Tableau Software has announced it is making available an update to its namesake data visualization and analytics software that extends support for geospatial data.
Ryan McShane, senior manager for product marketing for Tableau, says the Tableau 2019.2 update addresses the needs of organizations that need to analyze location-based data alongside all the other data types Tableau already supports. That geospatial capability is enabled by a vector maps engine created by Mapbox that Tableau is now incorporating within its analytics application.
Other new capabilities include parameter actions for analyzing data at specific points in time, customizable tooltips in web authoring, a personalized Tableau Server homepage, improved dashboard building tools, and updates to AskData, the natural language engine developed by Tableau.
“It’s all about accelerating the time to insight,” says McShane.
Of course, the proverbial “Holy Grail” of accelerated insights will be the day when analytics applications are able to surface insights without waiting to be asked. In the meantime, natural language tools are making analytics more accessible with each passing release. The days when business users required an analytics specialist to define the parameters of every query are rapidly coming to an end.
In the meantime, there’s a direct correlation between the amount of data that can be stored in memory and the relevancy of the analytics being surfaced.
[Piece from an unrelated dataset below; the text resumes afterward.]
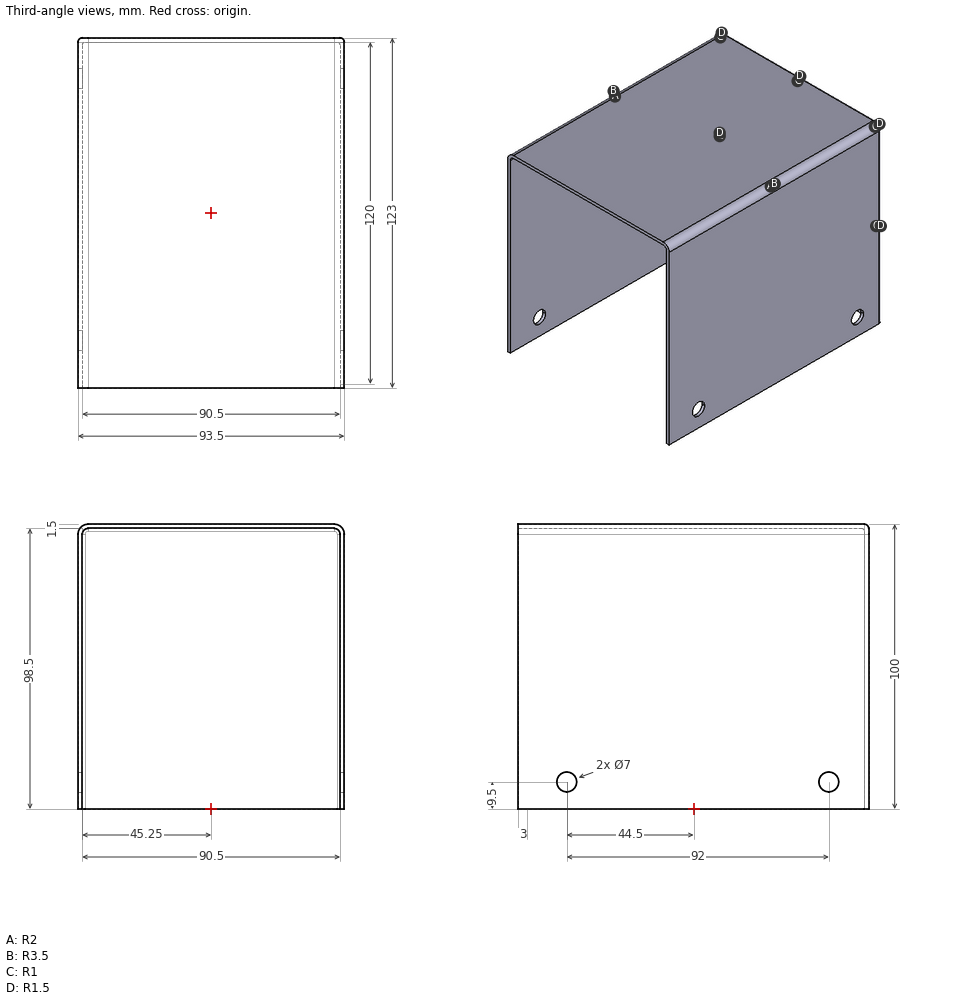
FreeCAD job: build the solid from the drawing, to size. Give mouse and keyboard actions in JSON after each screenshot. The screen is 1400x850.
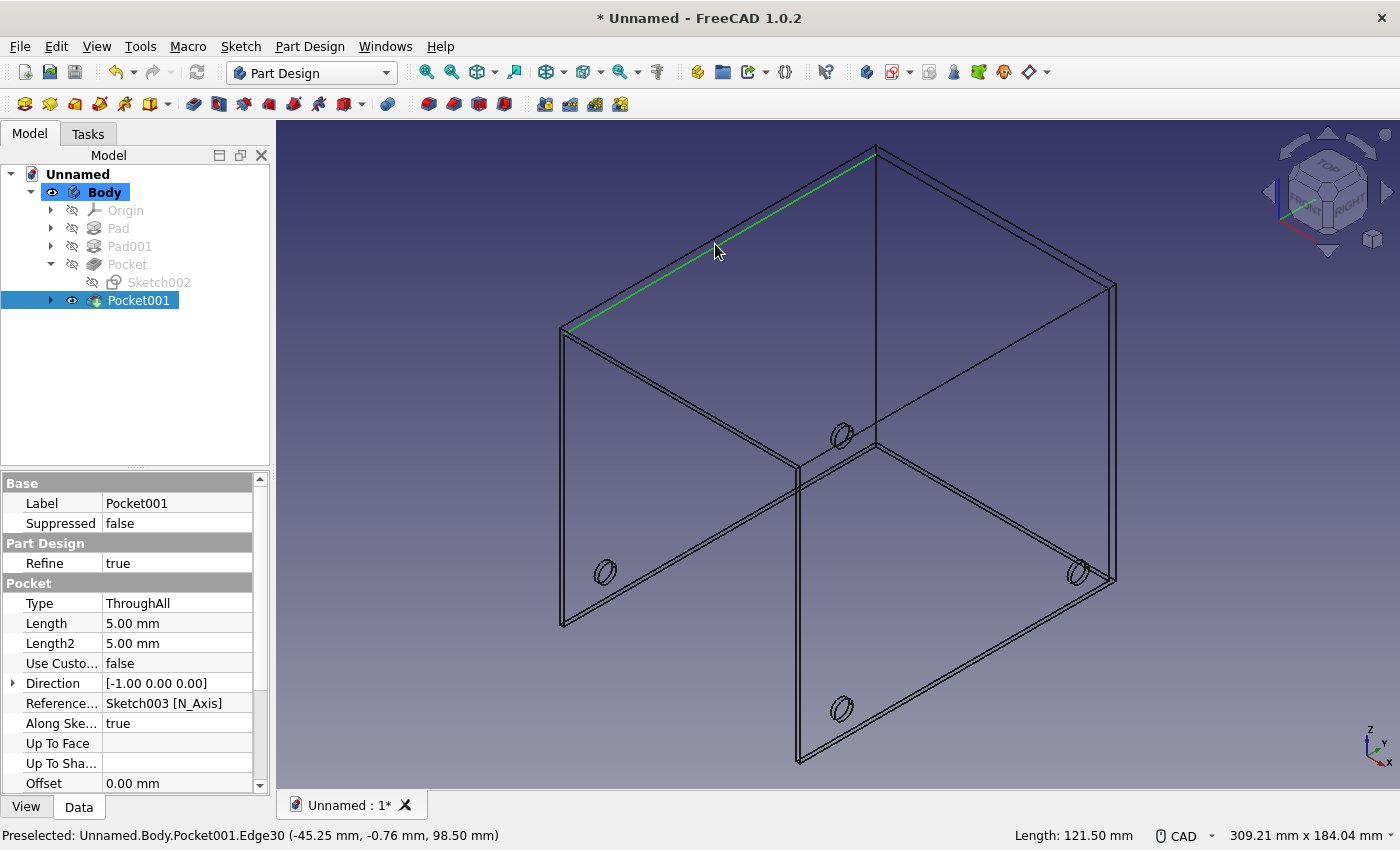
{"action": "scroll", "coordinate": [952, 378], "scroll_direction": "up", "scroll_amount": 6}

As an early pioneer of in-memory analytics, Tableau has been at the forefront of that trend. By adding support for geospatial data, Tableau is now extending the reach of its platform into location-based data that previously would have required organizations to acquire another application to analyze.
It’s unclear to what degree the ability to analyze location-based data will either replace or, at least inhibit, adoption of other analytics applications among organizations that have already embraced Tableau. But at the very least, the gap in understanding between when and where any given event might have occurred is increasingly being narrowed.